Denipah-Cook Qootsvenma, Saxton Bryanna V, Artinger Kristin B, Shull Lomeli C
Department of Biology, University of New Mexico, Albuquerque, NM, USA.
Department of Diagnostic and Biological Sciences, University of Minnesota School of Dentistry, Minneapolis, MN, USA.
bioRxiv. 2025 Jul 22:2025.07.17.665392. doi: 10.1101/2025.07.17.665392.
Mandibular bone development utilizes both endochondral ossification, forming from the cartilaginous anlage Meckel's cartilage derived from neural crest cells (NCC) and intramembranous ossification with direct differentiation of NCCs toward osteoblasts. Wnt/β-catenin signaling drives osteogenic vs chondrogenic differentiation and must be tightly controlled during the differentiation of osteochondroprogenitors. Chromatin remodelers add hierarchal regulation to the activation and repression of crucially timed gene regulatory networks and signaling cascades. In this study, we investigated the function of two chromatin remodelers-histone methyltransferases, PRDM3 and PRDM16 during murine craniofacial development. Conditionally ablating both and in the neural crest lineage using the Wnt1-Cre driver resulted in dramatic craniofacial phenotypes, including a severely hypoplastic mandible with complete absence of Meckel's cartilage at E18.5. Focusing on the Meckel's cartilage and mandibular bone phenotype, histological analysis demonstrated a significant increase in RUNX2+ osteoblast precursors, and loss of SOX9+ chondrogenic cells, suggesting an increase in osteoblast progenitors at the expense of chondrocytes that would otherwise form the Meckel's cartilage. This was not due to alterations in proliferation or apoptosis, as we observed no significant changes in the number of phosphoH3+ or cleaved caspase3+ cells in the mandibular process at E11.5, suggesting lack of NCC-derived chondrocytes is due to a change in NCC osteochondroprogenitor fate decisions. mRNA transcripts and protein abundance of Wnt/β-catenin signaling components were elevated in the mandibular process during initial NCC osteochondroprogenitor condensation events, suggesting PRDM3 and PRDM16 normally restrict expression of Wnt/β-catenin signaling components during NCC-derived osteochondroprogenitor differentiation to promote chondrogenesis and Meckel's cartilage formation. Taken together, PRDM3 and PRDM16 are required for NCC differentiation toward chondrocytes during Meckel's cartilage formation by controlling proper spatiotemporal Wnt/β-catenin transcriptional activity and this process is necessary for morphogenesis of the developing mandible.
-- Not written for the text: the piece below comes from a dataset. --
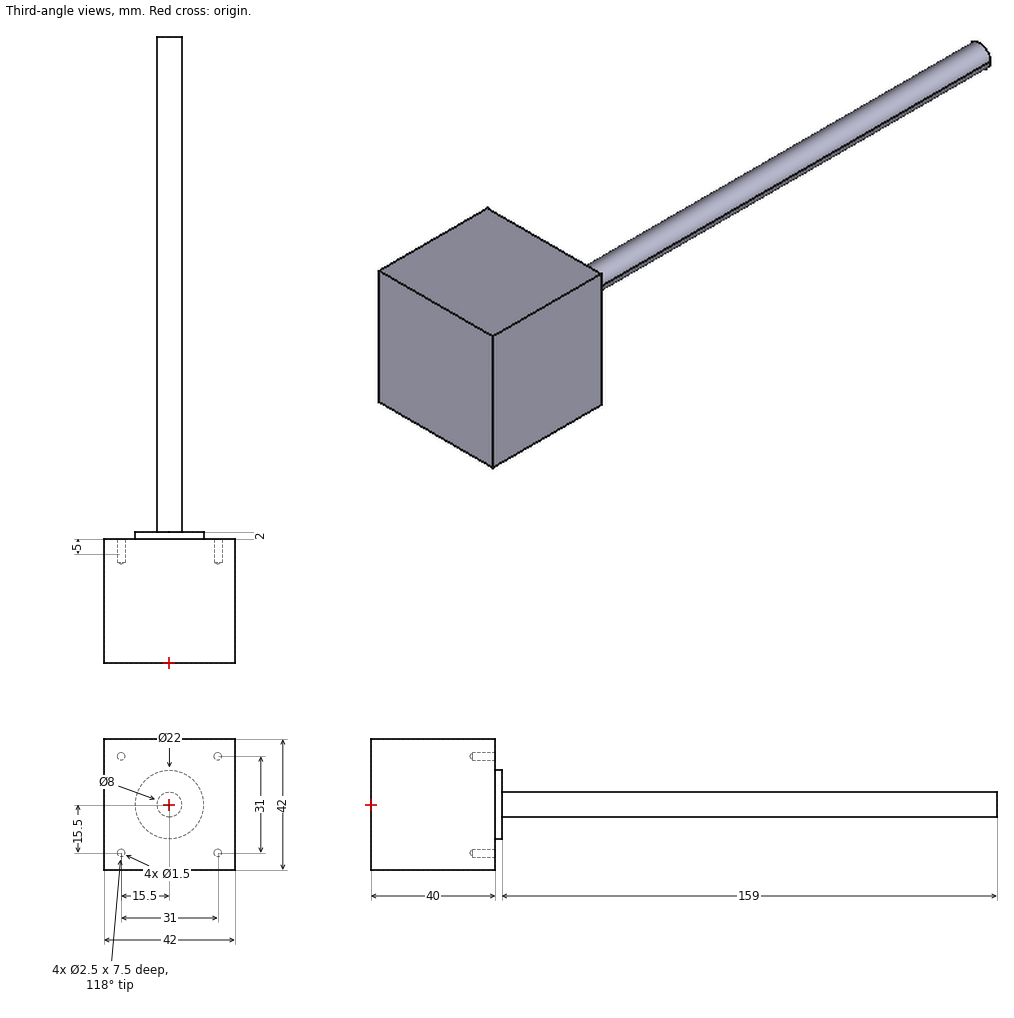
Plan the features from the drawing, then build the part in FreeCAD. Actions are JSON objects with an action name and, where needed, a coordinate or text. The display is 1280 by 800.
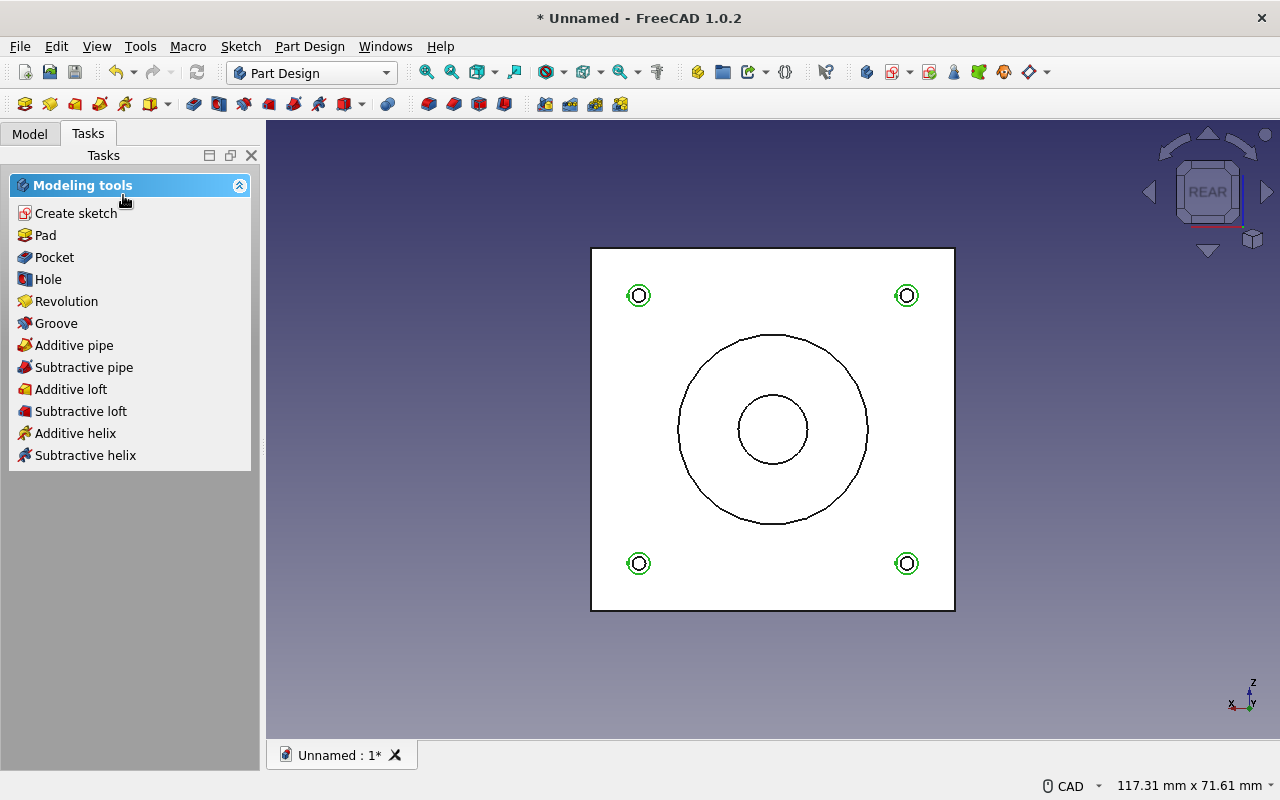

下颌骨发育利用软骨内成骨,由源自神经嵴细胞(NCC)的软骨原基梅克尔软骨形成,以及膜内成骨,即NCC直接向成骨细胞分化。Wnt/β-连环蛋白信号传导驱动成骨与软骨生成分化,并且在骨软骨祖细胞分化过程中必须受到严格控制。染色质重塑因子为关键时期的基因调控网络和信号级联的激活与抑制增添了层次调节。在本研究中,我们调查了两种染色质重塑因子——组蛋白甲基转移酶PRDM3和PRDM16在小鼠颅面发育过程中的功能。使用Wnt1-Cre驱动程序在神经嵴谱系中条件性敲除PRDM3和PRDM16,导致了显著的颅面表型,包括在E18.5时严重发育不全的下颌骨,且完全没有梅克尔软骨。聚焦于梅克尔软骨和下颌骨表型,组织学分析显示RUNX2+成骨细胞前体显著增加,而SOX9+软骨生成细胞减少,这表明成骨祖细胞增加,而以原本会形成梅克尔软骨的软骨细胞为代价。这并非由于增殖或凋亡的改变,因为我们在E11.5时观察到下颌突中磷酸化组蛋白H3+或裂解的半胱天冬酶3+细胞数量没有显著变化,这表明缺乏NCC衍生的软骨细胞是由于NCC骨软骨祖细胞命运决定的改变。在初始NCC骨软骨祖细胞凝聚事件期间,下颌突中Wnt/β-连环蛋白信号成分的mRNA转录本和蛋白质丰度升高,这表明PRDM3和PRDM16通常在NCC衍生的骨软骨祖细胞分化过程中限制Wnt/β-连环蛋白信号成分的表达,以促进软骨生成和梅克尔软骨形成。综上所述,PRDM3和PRDM16通过控制适当的时空Wnt/β-连环蛋白转录活性,在梅克尔软骨形成过程中是NCC向软骨细胞分化所必需的,并且这一过程对于发育中的下颌骨的形态发生是必要的。